Even for those with insurance, the U.S. system does worse
in many ways than other countries'. While few U.S. doctors make
house calls, such visits are both common and inexpensive in Italy,
France, and Germany. "Patients in countries like France and
Germany have more doctors' visits, specialist care and hospital
time than their counterparts elsewhere," the Wall Street
Journal admits. "Permission isn't needed to see a specialist
or get a second opinion, and week-long trips to the spa are not
uncommon treatment in Germany." Not so under the United States'
"managed care" system.
Profit drives the U.S. system, and what is most profitable
for hospitals, insurance companies, or drug companies is not most
effective at producing good health. Much of the United States'
"health-care spending" goes to company profits, multi-million
dollar CEO salaries, and marketing. The health industry focuses
on people with the greatest ability to pay rather than the greatest
need for care. Private healthcare spending therefore goes disproportionately
toward expensive eleventh-hour measures unlikely to extend life
for very long and to pricey lifestyle drugs such as Rogaine. Lack
of access to basic care, in turn, makes for costly system-wide
inefficiencies. When poor women cannot get basic prenatal care,
for example, they and their newborns are more likely to suffer
complications requiring round-the-clock intensive care. When uninsured
people are unable to see a general practitioner, they often must
rely on expensive emergency room care.
How do higher-ranked health-care systems work? There is no
single answer. The systems of countries #1 (France) to #36 (Costa
Rica) differ on how the costs are split up, how physicians are
paid, who owns the hospitals, what is the role of primary-care
doctors, and who pays for pharmaceuticals, among other features.

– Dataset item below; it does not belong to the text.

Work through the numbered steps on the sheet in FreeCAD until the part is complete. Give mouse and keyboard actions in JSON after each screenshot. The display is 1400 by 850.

The systems, however, fall into three broad categories. First,
there are universal multi-payer systems in countries like Germany
and France. While these countries have multiple "sickness
insurance funds," their health systems differ greatly from
the United States' private-insurance system. The insurance funds
in France and Germany are funded by taxes rather than insurance
premiums and are tightly regulated by their governments. Then
there are single-payer systems such as in Canada and Sweden. In
these countries, the government offers a single insurance system
that provides coverage to all citizens. Finally, there are countries,
such as Great Britain and Spain, which have national health services.
Unlike the others, these are not insurance systems at all. Instead,
the government owns hospitals and employs health-care providers
directly. Even under single payer or national-health systems,
private insurance companies may offer supplemental coverage.
For all their differences, other countries publicly regulate
the provision of health care more closely than the United States.
Defenders of the U.S. system often decry these alternatives as
forms of "rationing" and "bureaucracy." The
United States, however, already has plenty of both, courtesy of
the private, profit driven system. Every HMO or managed-care arrangement
in the United States rations care - permitting a patient to see
a specialist only if referred by a primary-care physician, refusing
to cover certain treatments altogether - while the system as a
whole rations care according to ability to pay. And even the Wall
Street Journal admits that the U.S. system "has accumulated
a massive bureaucracy that simply doesn't exist in other countries."
Perhaps one fourth of so-called "health care" workers
"do nothing but paperwork."
It should not come as any surprise that, for our unmatched
levels of spending, the United States gets less than it pays for.
What the U.S. system has - inefficiency, red tape, and big profits
- is expensive. What it lacks - universal coverage- is priceless.
Phineas Baxandall is a member of the D&S collective.